I need to stop making excuses for Phil. This isn't all my fault. I mean, most of it is. But not all.

"I'll race you to the swings!" I hear a young child shout to another young girl with wavy hair and a splattering of freckles across her face. She smiles at the other boy and waves excitedly as she runs by my bench.

"But Leo, I want to go on the slide," she complains but races him to the swings anyway.

I glance to the space beside me on the wooden park bench and notice a woman with bleached blonde hair and a cigarette carefully balanced between her fingers. She looks about my age, twenty five, and something is clearly on her mind as her left eye keeps twitching and she's bouncing her knee.

My fingers ache for a cigarette. I left my box of Marlboro at home. Shit. Well done, Dan.

Before I can tell myself not to, I ask the woman next to me if she would give me a cigarette. I instantly regret it as she snaps her head towards me with a look of distaste and narrowed eyes.

"Excuse me?" she asks, clearly stunned that I was bold enough to ask.
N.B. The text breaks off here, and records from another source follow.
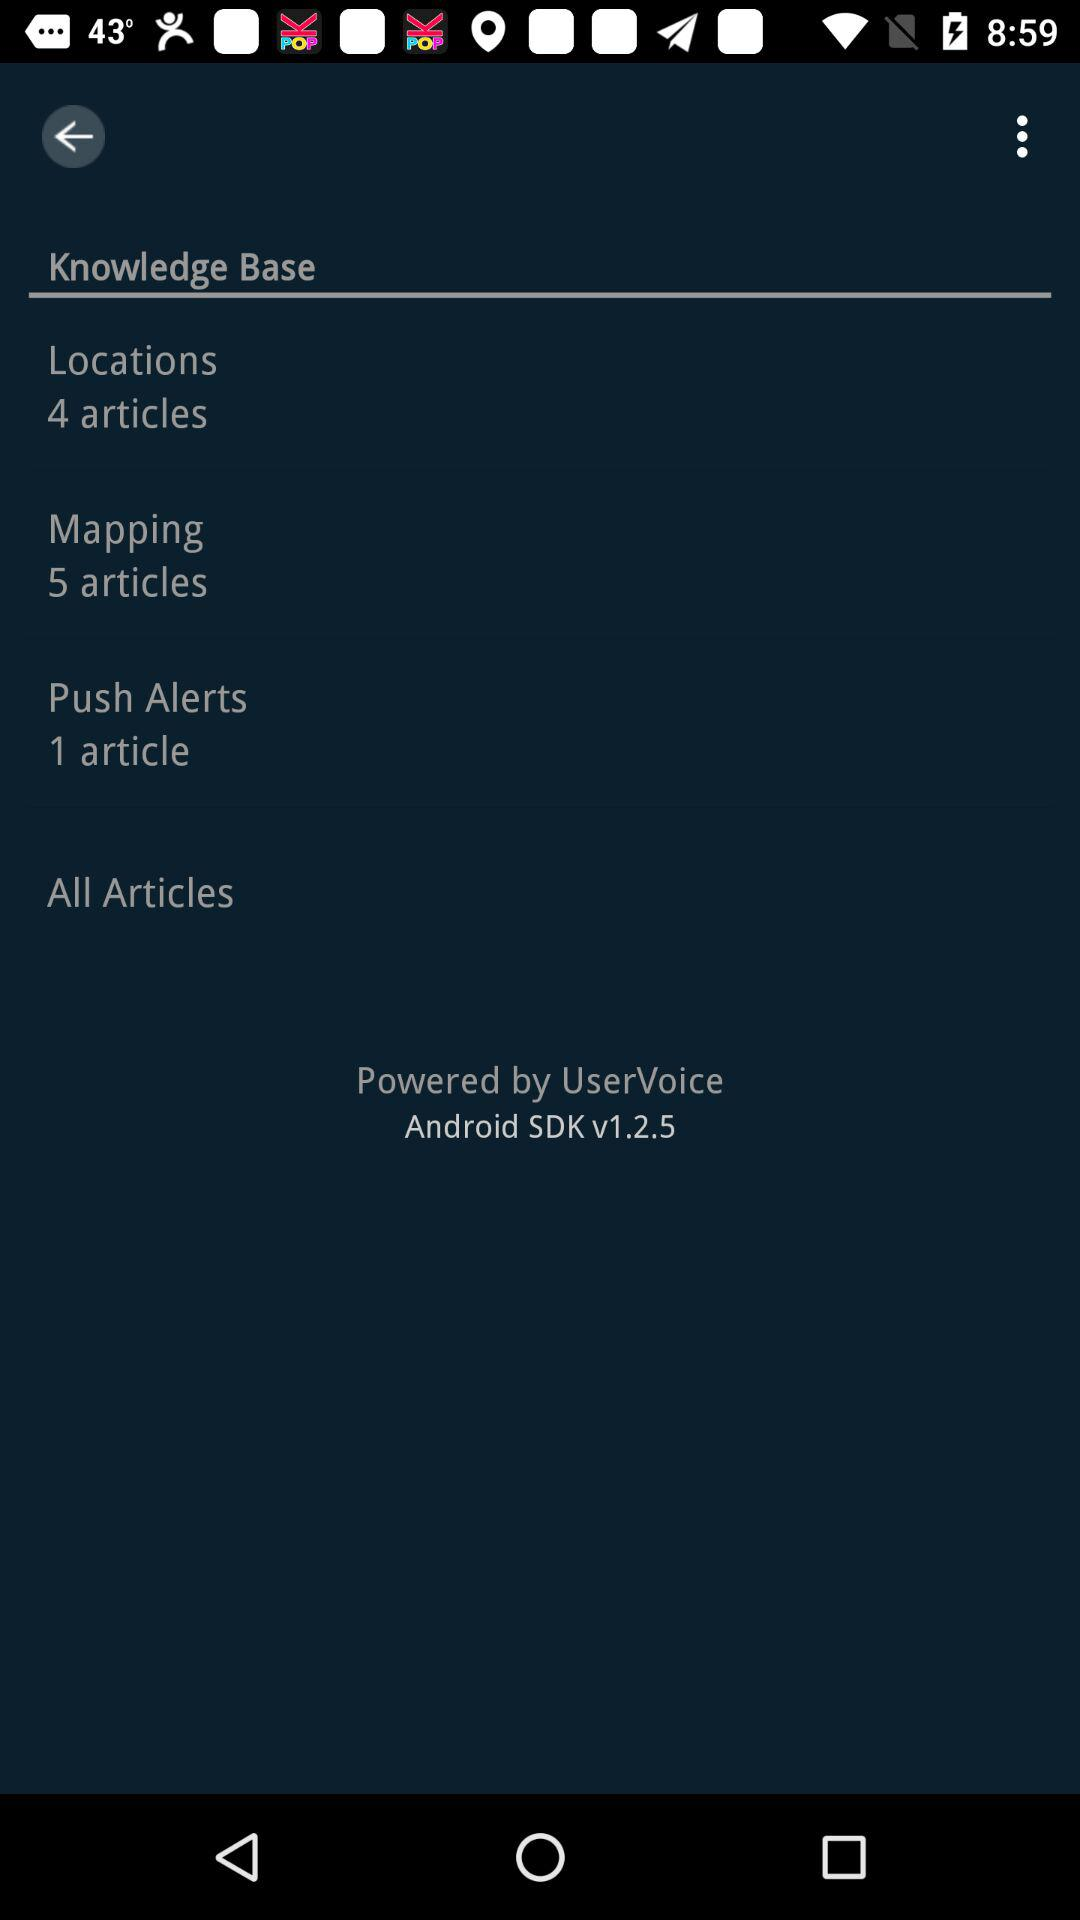What version is shown? The shown version is v1.2.5. 
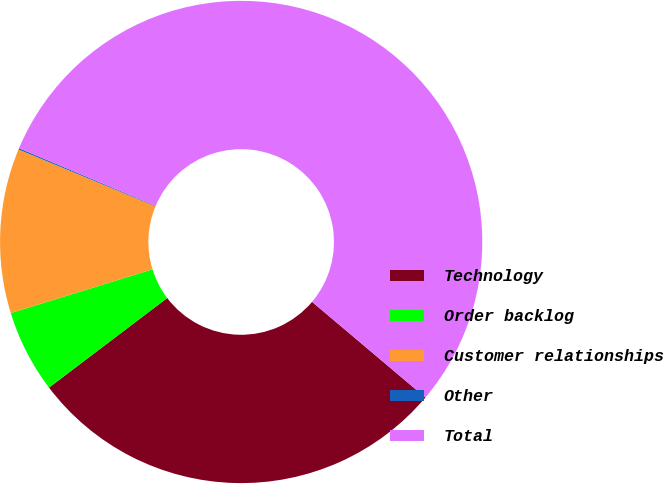Convert chart. <chart><loc_0><loc_0><loc_500><loc_500><pie_chart><fcel>Technology<fcel>Order backlog<fcel>Customer relationships<fcel>Other<fcel>Total<nl><fcel>28.52%<fcel>5.56%<fcel>11.03%<fcel>0.09%<fcel>54.8%<nl></chart> 
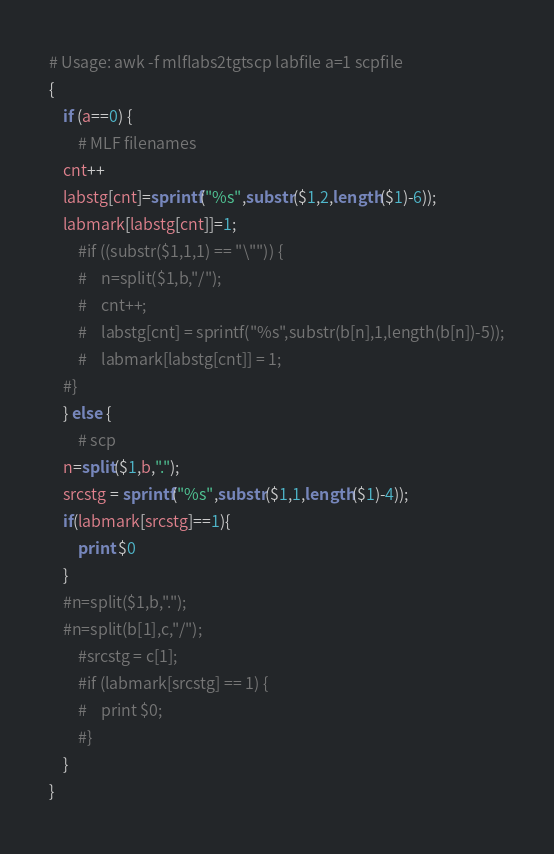Convert code to text. <code><loc_0><loc_0><loc_500><loc_500><_Awk_># Usage: awk -f mlflabs2tgtscp labfile a=1 scpfile
{
    if (a==0) {
        # MLF filenames
	cnt++
	labstg[cnt]=sprintf("%s",substr($1,2,length($1)-6));
	labmark[labstg[cnt]]=1;
        #if ((substr($1,1,1) == "\"")) {
        #    n=split($1,b,"/");      
        #    cnt++;
        #    labstg[cnt] = sprintf("%s",substr(b[n],1,length(b[n])-5));
        #    labmark[labstg[cnt]] = 1;
	#}
    } else {
        # scp
	n=split($1,b,".");
	srcstg = sprintf("%s",substr($1,1,length($1)-4));
	if(labmark[srcstg]==1){
	    print $0
	}
	#n=split($1,b,".");
	#n=split(b[1],c,"/");
        #srcstg = c[1];
        #if (labmark[srcstg] == 1) {
        #    print $0;
        #}
    }
}
</code> 
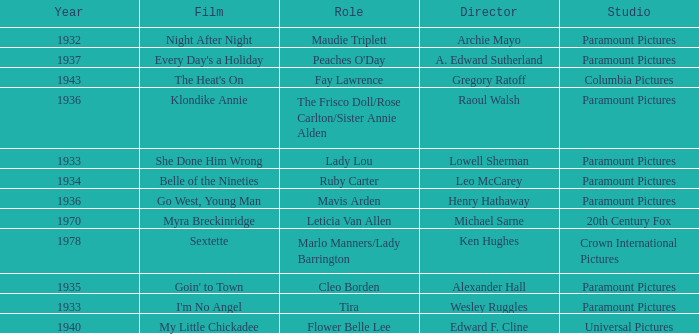What is the Year of the Film Klondike Annie? 1936.0.

"Oh, nothing. Never mind," I shrug it off. Well, now I've made things awkward. I feel miserable.

Then, after a few moments, she taps my arm. "Here," she says and offers me one single cigarette. I take it, mumbling thanks, and she lights it for me with a heart-shaped lighter.

"Are those your kids?" I ask her, not because I care, but just to make conversation as I blow grey smoke into the sky.

"Only the girl. Her name's Chloe," she points to the freckled girl who is now arguing with the boy named Leo. "She's with her cousin."

"Oh," I smile. Did she just blush? It's hard to tell beneath her make-up, but her cheeks certainly look darker. "They look so alike."

"Yeah, I guess they do," she breathes and takes a puff from her cigarette, and relights it. Her eyes rake over my face and body, sliding over my dead eyes and running down to my black boots with the unconventional zips. "Do I know you from somewhere?"